“She is,” Wilfred said, filling his mug with ale and raising it to his lips, “and I’m a lonely widower. But how did you know?”

“You wouldn’t believe me if I told you,” John replied. “I get my information through channels that are barred to men like you.”

“Witchcraft, I suppose,” Wilfred said, with a sneer. “But why this mystery? Someone in Bristol city wrote to you.”

“No, they didn’t,” John answered. “I know no one in Bristol city now. Your first suggestion was nearer the truth. Your wife, Wilfred, often comes to see me. I know all about the way in which you treated her.”

“The way in which I treated her!” Wilfred cried, starting upright in his chair, his face flushing angrily. “God’s truth, man, what do you mean by such a statement?”

“I mean exactly what I say,” John answered. “For the first two years you treated her tolerably well. Then someone else caught your fancy. Jenny was neglected, despised, and on one occasion actually beaten.”
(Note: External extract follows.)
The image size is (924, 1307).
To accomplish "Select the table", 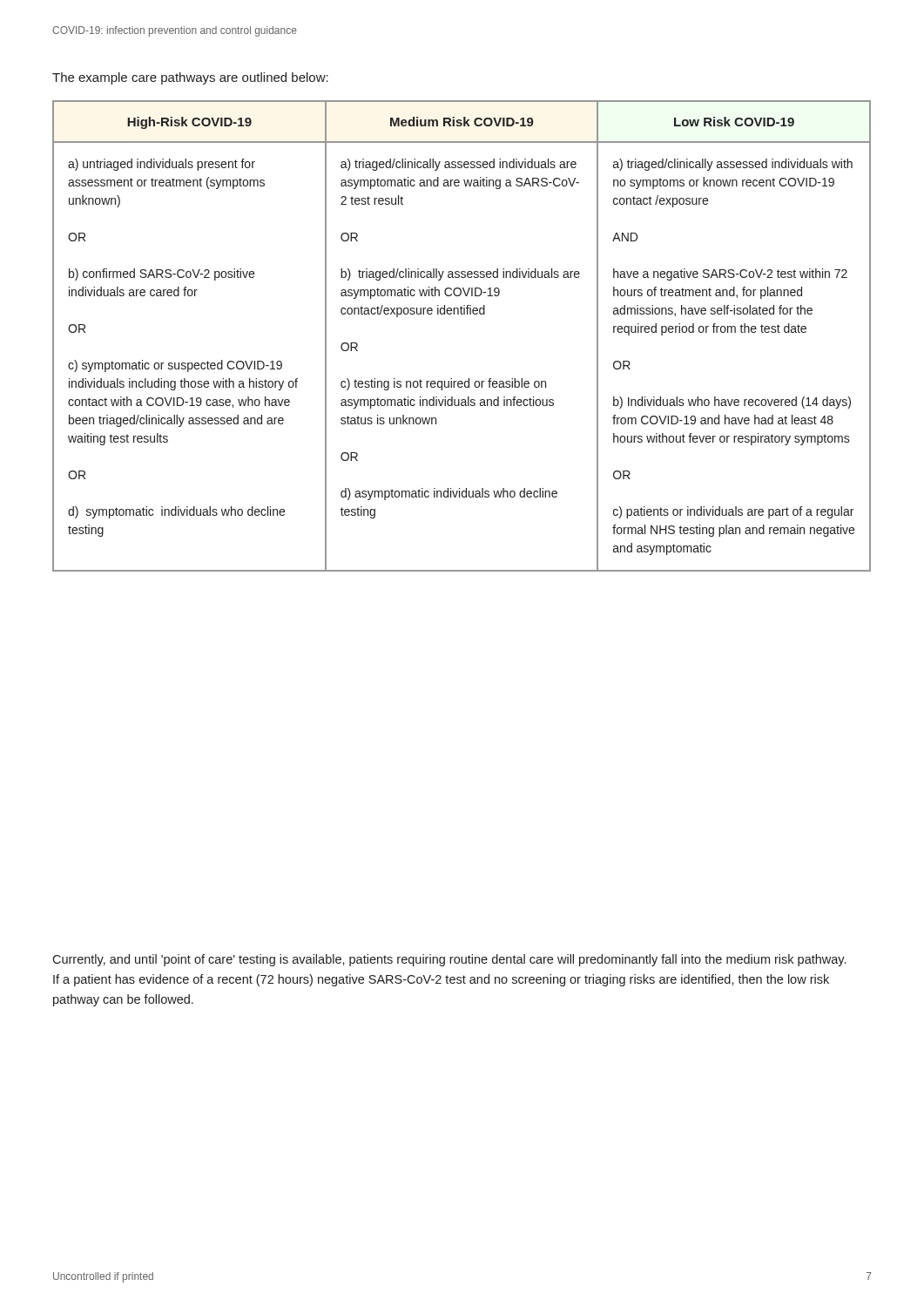I will 462,336.

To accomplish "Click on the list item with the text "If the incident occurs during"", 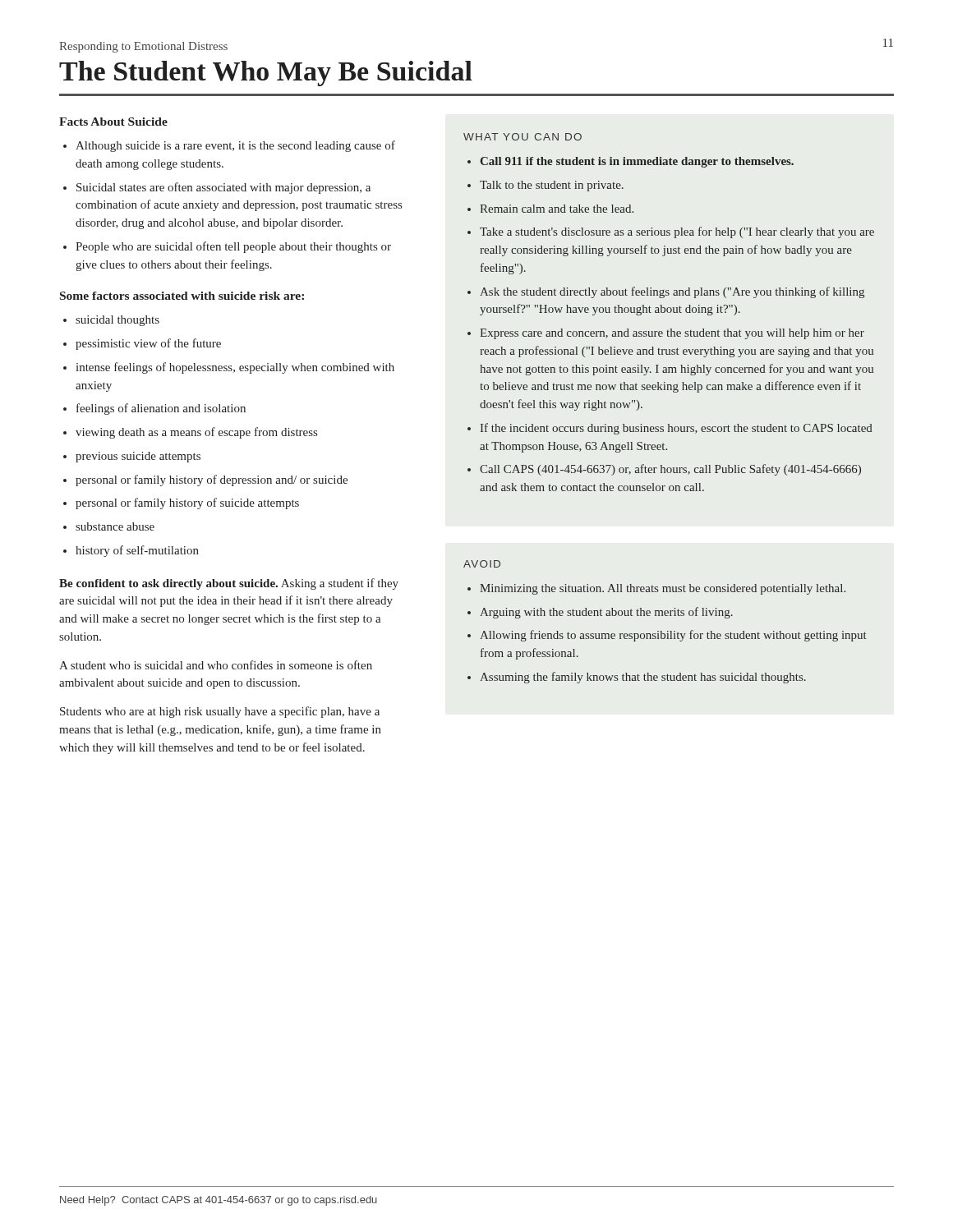I will tap(676, 437).

“It’s a lie!” Wilfred gasped, springing to his feet, as if to leave the table.

“No, it’s not,” John retorted, “and you know it. Come, sit down, man, and go on drinking. Love never was in your line, drink is. Besides, as you say, she’s dead, and what’s the use of quarrelling over a corpse, even though she were beautiful as—as——” He didn’t finish his sentence, but leaning forward thrust Wilfred back into his chair.

For some seconds the two men sat and looked at one another—Wilfred sullen, frightened, and resentful; John imperturbable save for the perpetual restless movement of his eyes, and an occasional peculiar twitching of his upper lip and hands.

“A rum,” John said at length, “or a gin? Or both?”